Nuovi Consigli Pastorali Parrocchiali

Nuovi Consigli Pastorali Parrocchiali

Il Consiglio della Collaborazione, in vista del rinnovo dei Consigli Pastorali Parrocchiali (CPP), raccogliendo anche le riflessioni fatte nei singoli Consigli, ha dedicato alcuni incontri per delinearne valore e compiti. Ricordando l’importanza per ogni parrocchia del Consiglio Pastorale Parrocchiale, lo riconosce quale organismo di riflessione, progettazione e programmazione delle attività annuali, in sintonia con gli orientamenti delineati dallo stesso Consiglio della Collaborazione.

Queste le riflessioni maturate che offriamo alle Comunità Parrocchiali e ai singoli credenti come indicazioni per valutare e scegliere le persone che possano far parte di questo organismo.
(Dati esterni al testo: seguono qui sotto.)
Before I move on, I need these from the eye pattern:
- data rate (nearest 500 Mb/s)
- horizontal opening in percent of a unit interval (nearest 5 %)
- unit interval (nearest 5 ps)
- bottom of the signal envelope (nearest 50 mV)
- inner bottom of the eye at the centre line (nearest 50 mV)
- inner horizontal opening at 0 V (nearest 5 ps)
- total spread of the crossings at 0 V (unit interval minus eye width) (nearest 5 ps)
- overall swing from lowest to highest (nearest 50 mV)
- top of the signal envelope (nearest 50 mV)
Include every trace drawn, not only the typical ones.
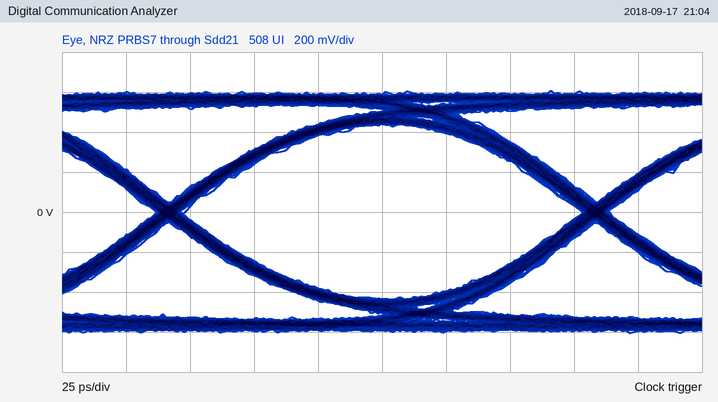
6.0 Gb/s
95 %
165 ps
-600 mV
-450 mV
155 ps
10 ps
1.20 V
600 mV
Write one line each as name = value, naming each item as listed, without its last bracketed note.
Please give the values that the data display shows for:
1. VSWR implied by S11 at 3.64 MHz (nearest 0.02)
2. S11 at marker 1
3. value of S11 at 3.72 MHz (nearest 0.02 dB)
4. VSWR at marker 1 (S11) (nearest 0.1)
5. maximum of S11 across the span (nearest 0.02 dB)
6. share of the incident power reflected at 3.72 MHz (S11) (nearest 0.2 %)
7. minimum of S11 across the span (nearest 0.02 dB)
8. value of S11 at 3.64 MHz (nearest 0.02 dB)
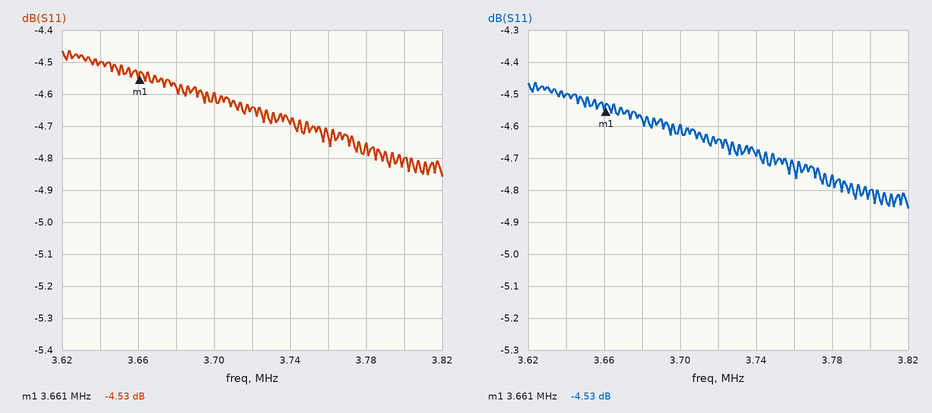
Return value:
VSWR implied by S11 at 3.64 MHz = 3.94
S11 at marker 1 = -4.53 dB
value of S11 at 3.72 MHz = -4.64 dB
VSWR at marker 1 (S11) = 3.9
maximum of S11 across the span = -4.46 dB
share of the incident power reflected at 3.72 MHz (S11) = 34.4 %
minimum of S11 across the span = -4.86 dB
value of S11 at 3.64 MHz = -4.50 dB
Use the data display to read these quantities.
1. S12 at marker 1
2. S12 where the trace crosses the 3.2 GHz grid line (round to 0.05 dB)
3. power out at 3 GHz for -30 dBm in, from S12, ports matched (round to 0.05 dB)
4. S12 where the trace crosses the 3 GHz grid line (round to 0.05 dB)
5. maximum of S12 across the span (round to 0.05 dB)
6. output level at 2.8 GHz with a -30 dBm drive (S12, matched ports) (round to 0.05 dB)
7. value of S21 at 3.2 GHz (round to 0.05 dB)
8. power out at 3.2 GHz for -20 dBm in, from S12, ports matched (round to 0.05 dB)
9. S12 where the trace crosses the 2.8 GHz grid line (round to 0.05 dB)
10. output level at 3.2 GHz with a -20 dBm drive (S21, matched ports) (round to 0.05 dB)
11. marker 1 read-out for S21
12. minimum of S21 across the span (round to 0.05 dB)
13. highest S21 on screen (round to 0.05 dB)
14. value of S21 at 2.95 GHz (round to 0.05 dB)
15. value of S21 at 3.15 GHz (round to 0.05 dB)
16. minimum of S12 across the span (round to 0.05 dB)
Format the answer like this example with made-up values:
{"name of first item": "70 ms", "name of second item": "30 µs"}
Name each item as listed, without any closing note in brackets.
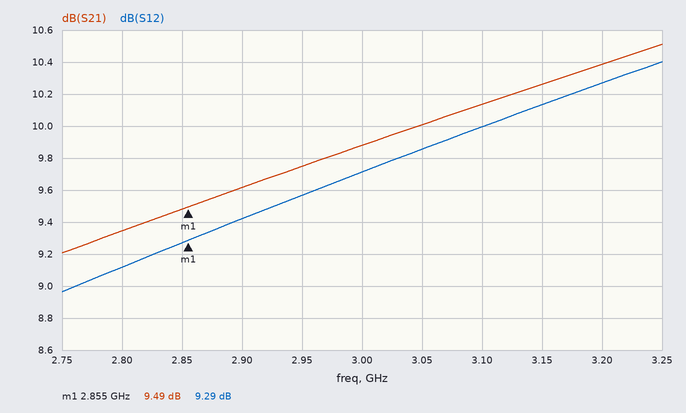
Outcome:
{"S12 at marker 1": "9.29 dB", "S12 where the trace crosses the 3.2 GHz grid line": "10.25 dB", "power out at 3 GHz for -30 dBm in, from S12, ports matched": "-20.30 dBm", "S12 where the trace crosses the 3 GHz grid line": "9.70 dB", "maximum of S12 across the span": "10.40 dB", "output level at 2.8 GHz with a -30 dBm drive (S12, matched ports)": "-20.90 dBm", "value of S21 at 3.2 GHz": "10.40 dB", "power out at 3.2 GHz for -20 dBm in, from S12, ports matched": "-9.75 dBm", "S12 where the trace crosses the 2.8 GHz grid line": "9.10 dB", "output level at 3.2 GHz with a -20 dBm drive (S21, matched ports)": "-9.60 dBm", "marker 1 read-out for S21": "9.49 dB", "minimum of S21 across the span": "9.20 dB", "highest S21 on screen": "10.50 dB", "value of S21 at 2.95 GHz": "9.75 dB", "value of S21 at 3.15 GHz": "10.25 dB", "minimum of S12 across the span": "8.95 dB"}
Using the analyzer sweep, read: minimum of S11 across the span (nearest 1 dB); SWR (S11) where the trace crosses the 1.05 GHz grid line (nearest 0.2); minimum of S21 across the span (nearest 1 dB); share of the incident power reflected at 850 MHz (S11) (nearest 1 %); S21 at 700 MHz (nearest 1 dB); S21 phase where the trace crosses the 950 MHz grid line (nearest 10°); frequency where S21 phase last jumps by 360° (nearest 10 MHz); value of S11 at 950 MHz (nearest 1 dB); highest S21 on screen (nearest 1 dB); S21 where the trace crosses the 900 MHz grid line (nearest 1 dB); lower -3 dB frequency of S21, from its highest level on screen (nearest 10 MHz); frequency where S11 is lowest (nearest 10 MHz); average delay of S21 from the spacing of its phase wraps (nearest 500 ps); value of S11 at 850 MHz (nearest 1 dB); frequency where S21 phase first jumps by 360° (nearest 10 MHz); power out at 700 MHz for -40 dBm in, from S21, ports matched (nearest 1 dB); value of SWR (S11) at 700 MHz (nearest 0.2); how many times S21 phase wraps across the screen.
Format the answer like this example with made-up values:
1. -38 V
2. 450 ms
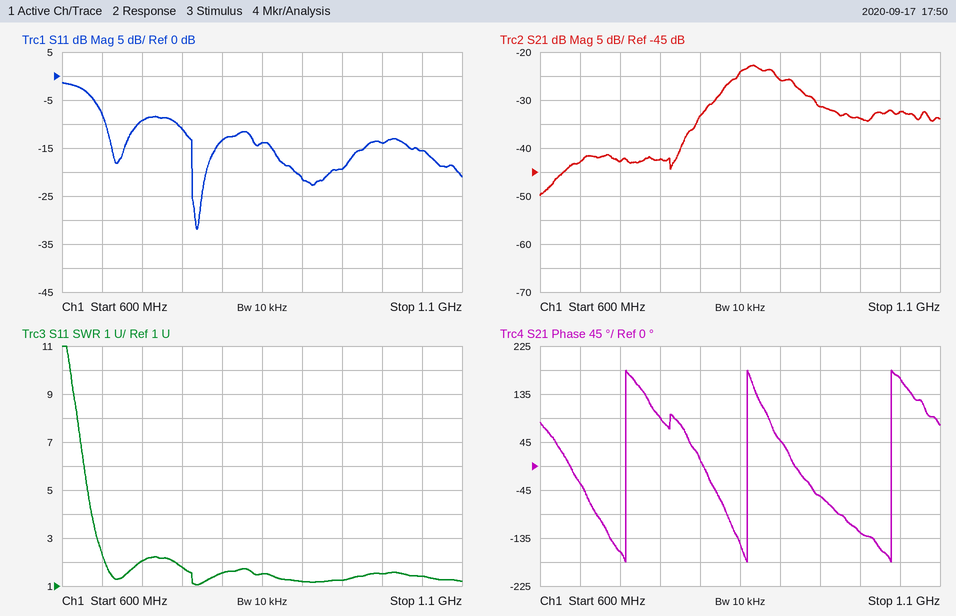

Circa i bisogni a cui un Consiglio Pastorale Parrocchiale deve rispondere:

  • Coordinare le attività dei gruppi presenti in parrocchia e di trovare gli indirizzi per il loro cammino. 
  • Distribuire compiti e ambiti di azione, per evitare sovrapposizioni di decisioni (in accordo con il Consiglio della Collaborazione). 
  • Porre attenzione alla realtà locale dal paese per raccoglierne bisogni, domande, discutere e consigliare il parroco. Far presenti le questioni al Consiglio della Collaborazione se abbiano un interesse generale, o promuovere il confronto su tematiche sociali, educative, culturali emergenti nella società affrontandole con un taglio credente.
  • Curare le relazioni tra le persone e farsi portavoce presso il parroco di questioni che nascono o presso i parrocchiani di soluzioni che si decidono.

Sulla composizione di un Consiglio Pastorale Parrocchiale:

  • Composto da un referente per ciascun gruppo operante in parrocchia, per coordinare e programmare le attività. In particolare non possono mancare un rappresentante della Catechesi, della Pastorale Giovanile, della Liturgia, della Caritas, del Consiglio per gli Affari Economici, del Consiglio di Collaborazione e della pastorale degli Adulti.

È sottinteso che il rappresentante si faccia portavoce nel proprio gruppo e partecipi con fedele continuità ai vari incontri.

  • Curi la comunicazione con il Consiglio della Collaborazione e ne riporti le decisioni nei gruppi. 
  • Utile che vi sia inserita qualche persona con una veduta più ampia della realtà sociale, anche se non membro organico di qualche gruppo, per fare rete con il territorio e mantenere il Consiglio aperto sul mondo.
  • I membri eletti siano corresponsabili con il parroco nella realizzazione delle attività decise. Cerchino il maggior bene della parrocchia e siano mossi da uno spirito ecclesiale, per cui amino la collaborazione pastorale e non solo il proprio “campanile”. Sappiano che si lavora insieme tra più Parrocchie.
  • Può essere utile, per i paesi più piccoli, che i Consigli Pastorali Parrocchiali si uniscano insieme (pur potendo per certe tematiche particolari lavorare singolarmente) e accorpino compiti attualmente di altri gruppi (Liturgico, Missionario, Caritas, …) per non disperdere le forze o stancare le persone.
  • I membri curino la propria formazione personale (incontri formativi previsti per il CPP o per i settori di appartenenza).
  • Siano presentati alla comunità in modo che si sappia a quale area specifica della pastorale appartenga il loro impegno, per essere riferimento da parte dei parrocchiani.
  • Curare l’accoglienza di tutti nella comunità.

Riguardo alla modalità di elezione:

  • Ogni Parrocchia consideri se il proprio Consiglio Pastorale sia formato da rappresentanti dei Gruppi operanti in Parrocchia oppure sia frutto di una assemblea elettiva.